__Exercise goal__
Only one stretch of the records below is wanted: the lines from the one holding "Numbers: x, y, z, sx, sy, sz, roll, pitch, yaw." through the one holding "- person <box>257,351,277,378</box>". Return it exactly, both ends included.

__Records for the task__
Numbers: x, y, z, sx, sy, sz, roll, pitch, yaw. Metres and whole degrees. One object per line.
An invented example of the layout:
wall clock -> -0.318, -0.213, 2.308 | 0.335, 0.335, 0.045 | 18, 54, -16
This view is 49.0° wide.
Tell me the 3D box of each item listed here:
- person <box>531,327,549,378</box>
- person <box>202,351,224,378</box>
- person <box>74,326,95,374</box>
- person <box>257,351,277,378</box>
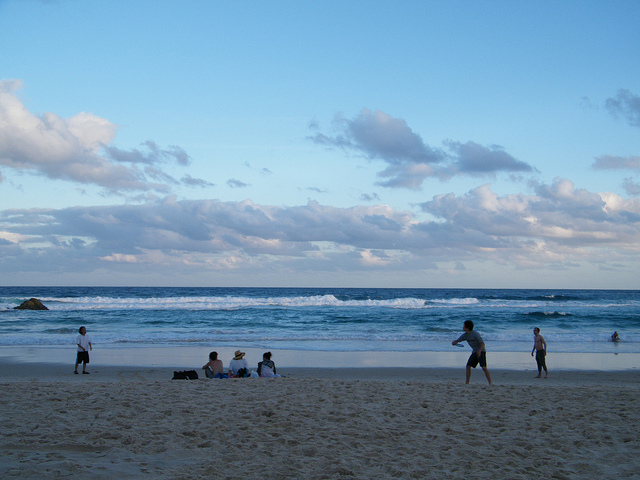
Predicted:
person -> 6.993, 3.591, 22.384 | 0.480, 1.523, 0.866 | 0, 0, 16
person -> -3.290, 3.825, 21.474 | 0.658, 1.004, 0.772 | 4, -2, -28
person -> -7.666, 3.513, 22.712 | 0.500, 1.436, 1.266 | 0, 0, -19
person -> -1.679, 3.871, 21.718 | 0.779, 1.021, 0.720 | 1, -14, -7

* * *

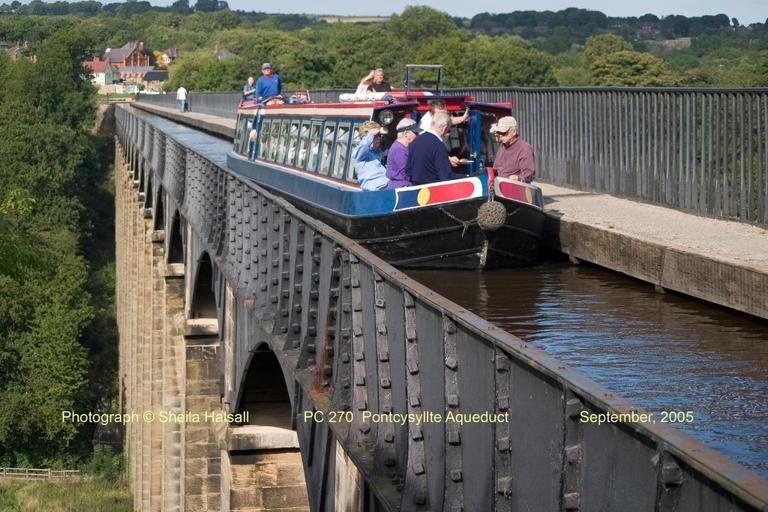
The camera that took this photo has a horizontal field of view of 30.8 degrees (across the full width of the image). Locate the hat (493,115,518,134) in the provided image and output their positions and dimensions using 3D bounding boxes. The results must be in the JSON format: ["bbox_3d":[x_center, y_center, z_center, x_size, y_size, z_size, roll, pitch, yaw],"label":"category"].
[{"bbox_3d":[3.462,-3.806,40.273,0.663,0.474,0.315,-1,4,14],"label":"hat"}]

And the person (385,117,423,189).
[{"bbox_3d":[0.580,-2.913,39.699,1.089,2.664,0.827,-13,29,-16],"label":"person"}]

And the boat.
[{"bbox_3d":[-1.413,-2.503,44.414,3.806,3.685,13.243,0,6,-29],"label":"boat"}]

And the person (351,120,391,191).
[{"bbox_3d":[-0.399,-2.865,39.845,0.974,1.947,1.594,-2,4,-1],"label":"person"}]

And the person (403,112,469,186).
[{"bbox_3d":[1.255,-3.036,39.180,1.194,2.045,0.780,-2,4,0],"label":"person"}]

---

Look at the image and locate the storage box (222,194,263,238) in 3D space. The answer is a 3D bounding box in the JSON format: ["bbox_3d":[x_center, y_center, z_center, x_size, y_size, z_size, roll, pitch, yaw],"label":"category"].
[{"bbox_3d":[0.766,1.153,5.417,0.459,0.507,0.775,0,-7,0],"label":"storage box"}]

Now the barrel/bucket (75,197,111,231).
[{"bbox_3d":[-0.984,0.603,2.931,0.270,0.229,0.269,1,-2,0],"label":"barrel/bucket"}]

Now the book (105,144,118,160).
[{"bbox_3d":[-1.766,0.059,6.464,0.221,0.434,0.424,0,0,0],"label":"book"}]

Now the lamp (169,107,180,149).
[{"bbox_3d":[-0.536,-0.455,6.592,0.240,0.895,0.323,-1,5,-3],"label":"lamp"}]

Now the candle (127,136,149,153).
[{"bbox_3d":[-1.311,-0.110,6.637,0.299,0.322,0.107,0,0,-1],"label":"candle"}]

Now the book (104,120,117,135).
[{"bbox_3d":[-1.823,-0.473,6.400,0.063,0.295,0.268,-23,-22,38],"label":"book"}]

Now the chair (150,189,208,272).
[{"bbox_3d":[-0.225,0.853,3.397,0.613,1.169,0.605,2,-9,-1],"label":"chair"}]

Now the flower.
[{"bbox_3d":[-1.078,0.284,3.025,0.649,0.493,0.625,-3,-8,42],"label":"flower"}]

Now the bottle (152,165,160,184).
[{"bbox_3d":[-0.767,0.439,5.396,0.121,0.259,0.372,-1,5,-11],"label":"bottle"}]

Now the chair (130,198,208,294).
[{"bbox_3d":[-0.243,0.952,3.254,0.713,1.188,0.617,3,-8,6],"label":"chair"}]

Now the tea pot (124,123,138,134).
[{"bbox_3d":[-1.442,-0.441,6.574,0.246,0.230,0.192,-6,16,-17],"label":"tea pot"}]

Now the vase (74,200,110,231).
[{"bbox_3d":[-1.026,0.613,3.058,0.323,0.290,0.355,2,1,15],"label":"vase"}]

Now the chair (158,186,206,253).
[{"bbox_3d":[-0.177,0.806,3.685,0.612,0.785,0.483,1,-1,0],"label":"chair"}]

__Response to this task__
Numbers: x, y, z, sx, sy, sz, roll, pitch, yaw. Metres and whole degrees. One object per line.
An invented example of the layout:
wall clock -> -0.318, -0.213, 2.308 | 0.335, 0.335, 0.045 | 18, 54, -16
This view is 49.0° wide.
Tell me the 3D box of each item listed here:
- person <box>531,327,549,378</box>
- person <box>202,351,224,378</box>
- person <box>74,326,95,374</box>
- person <box>257,351,277,378</box>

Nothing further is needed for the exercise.